Visual Studio Code(VS Code)をベースに開発されており、Googleの高性能AIモデル「Gemini」が組み込まれています。
単なるコード補完にとどまらず、AIがエンジニアのように自律してタスクを遂行する点が画期的です。
VS Code互換の「Editor View」とAI管理「Manager View」の違い
Antigravityの画面は、大きく2つのビュー(表示モード)で構成されています。
- Editor View(エディタービュー)
開発者がコードを直接記述・編集するための画面です。VS Codeとほぼ同じインターフェースを採用しているため、既存のVS Codeユーザーであれば違和感なく操作できます。 - Manager View(マネージャービュー)
AIエージェントに対して指示を出し、その作業状況を管理するための専用画面です。チャット形式で依頼を投げると、AIがどのような手順で作業を進めるかをここに表示します。

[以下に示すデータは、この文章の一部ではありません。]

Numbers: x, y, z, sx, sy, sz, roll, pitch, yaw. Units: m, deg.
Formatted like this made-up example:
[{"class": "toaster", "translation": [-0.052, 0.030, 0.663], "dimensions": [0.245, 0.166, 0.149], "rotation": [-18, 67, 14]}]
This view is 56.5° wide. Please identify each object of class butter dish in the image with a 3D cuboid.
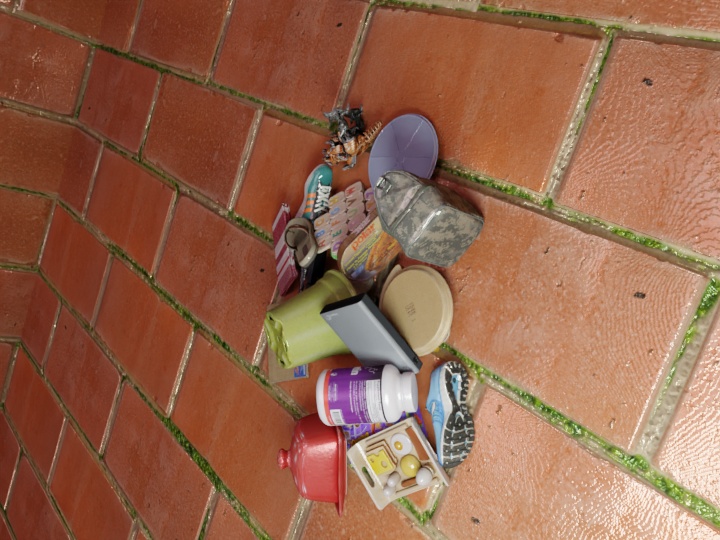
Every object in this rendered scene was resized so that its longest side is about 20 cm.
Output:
[{"class": "butter dish", "translation": [-0.109, 0.405, 1.455], "dimensions": [0.200, 0.144, 0.206], "rotation": [-129, 39, -72]}]

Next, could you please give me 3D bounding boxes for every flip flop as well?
[{"class": "flip flop", "translation": [-0.150, -0.074, 1.581], "dimensions": [0.082, 0.057, 0.201], "rotation": [-56, 28, 17]}]

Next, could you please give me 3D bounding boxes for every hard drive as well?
[{"class": "hard drive", "translation": [0.021, 0.139, 1.377], "dimensions": [0.138, 0.201, 0.033], "rotation": [-18, 28, 47]}]

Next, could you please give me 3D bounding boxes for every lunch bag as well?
[{"class": "lunch bag", "translation": [0.130, -0.115, 1.338], "dimensions": [0.140, 0.198, 0.169], "rotation": [-49, 57, 22]}]

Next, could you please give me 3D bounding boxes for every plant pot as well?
[{"class": "plant pot", "translation": [-0.109, 0.124, 1.487], "dimensions": [0.200, 0.181, 0.204], "rotation": [43, 144, 43]}]

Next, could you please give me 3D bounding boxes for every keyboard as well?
[{"class": "keyboard", "translation": [-0.123, 0.031, 1.611], "dimensions": [0.020, 0.127, 0.206], "rotation": [9, 90, 19]}]

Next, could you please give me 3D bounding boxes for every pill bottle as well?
[{"class": "pill bottle", "translation": [0.015, 0.252, 1.357], "dimensions": [0.195, 0.112, 0.116], "rotation": [-7, 77, 14]}]

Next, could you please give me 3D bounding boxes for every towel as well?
[{"class": "towel", "translation": [-0.197, -0.052, 1.734], "dimensions": [0.144, 0.022, 0.205], "rotation": [133, 131, -61]}]

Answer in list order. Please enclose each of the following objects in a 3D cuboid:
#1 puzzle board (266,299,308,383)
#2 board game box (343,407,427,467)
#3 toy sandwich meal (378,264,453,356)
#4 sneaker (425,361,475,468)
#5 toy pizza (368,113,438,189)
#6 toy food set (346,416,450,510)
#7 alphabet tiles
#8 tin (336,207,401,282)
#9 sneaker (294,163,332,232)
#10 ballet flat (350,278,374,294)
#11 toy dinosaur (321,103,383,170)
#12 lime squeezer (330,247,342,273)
[{"class": "puzzle board", "translation": [-0.186, 0.179, 1.722], "dimensions": [0.148, 0.017, 0.206], "rotation": [-15, 74, 41]}, {"class": "board game box", "translation": [0.043, 0.327, 1.452], "dimensions": [0.199, 0.044, 0.137], "rotation": [-35, 60, 35]}, {"class": "toy sandwich meal", "translation": [0.121, 0.083, 1.406], "dimensions": [0.202, 0.069, 0.211], "rotation": [-6, 80, 39]}, {"class": "sneaker", "translation": [0.172, 0.287, 1.330], "dimensions": [0.089, 0.077, 0.206], "rotation": [-20, 65, 60]}, {"class": "toy pizza", "translation": [0.098, -0.249, 1.501], "dimensions": [0.197, 0.031, 0.206], "rotation": [-11, 73, 40]}, {"class": "toy food set", "translation": [0.074, 0.398, 1.360], "dimensions": [0.198, 0.060, 0.145], "rotation": [-33, 89, 35]}, {"class": "alphabet tiles", "translation": [-0.029, -0.123, 1.548], "dimensions": [0.193, 0.015, 0.203], "rotation": [-27, 41, 19]}, {"class": "tin", "translation": [0.032, -0.063, 1.456], "dimensions": [0.200, 0.112, 0.042], "rotation": [-44, 42, 1]}, {"class": "sneaker", "translation": [-0.105, -0.160, 1.664], "dimensions": [0.080, 0.070, 0.204], "rotation": [42, 120, 39]}, {"class": "ballet flat", "translation": [0.000, 0.000, 1.539], "dimensions": [0.071, 0.071, 0.206], "rotation": [-8, 79, 43]}, {"class": "toy dinosaur", "translation": [-0.020, -0.321, 1.610], "dimensions": [0.196, 0.102, 0.139], "rotation": [-15, 87, 23]}, {"class": "lime squeezer", "translation": [-0.052, -0.040, 1.561], "dimensions": [0.037, 0.072, 0.201], "rotation": [-22, 35, -2]}]
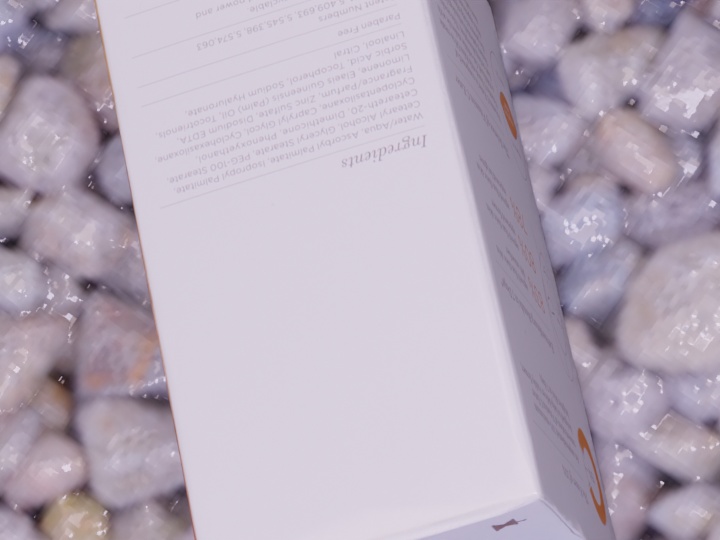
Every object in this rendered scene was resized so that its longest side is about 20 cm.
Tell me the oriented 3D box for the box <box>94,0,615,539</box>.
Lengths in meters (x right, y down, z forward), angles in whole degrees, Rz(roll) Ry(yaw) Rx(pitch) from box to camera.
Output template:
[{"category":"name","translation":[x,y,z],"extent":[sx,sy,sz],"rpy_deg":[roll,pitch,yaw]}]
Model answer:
[{"category":"box","translation":[0.000,0.000,0.832],"extent":[0.097,0.124,0.201],"rpy_deg":[-17,68,11]}]

開発者はManager Viewを通じてAIと対話し、実際のコーディングを任せることができます。
Gemini 3モデルによる「自律的なコーディング」の特徴
Antigravityには、GoogleのGemini 3モデルが搭載されています。このAIは以下のプロセスを自律的に行います。
- 計画(Plan):ユーザーの指示を理解し、必要なファイル作成やコード変更の手順をリストアップする。
- 実行(Action):計画に基づき、実際にファイルの作成やコードの書き込みを行う。
- 修正(Fix):エラーが発生した場合、自ら原因を分析して修正案を提示する。
従来の「次に書くコードを提案する」機能とは異なり、「目的を達成するために必要な作業全体を代行する」点が大きな違いです。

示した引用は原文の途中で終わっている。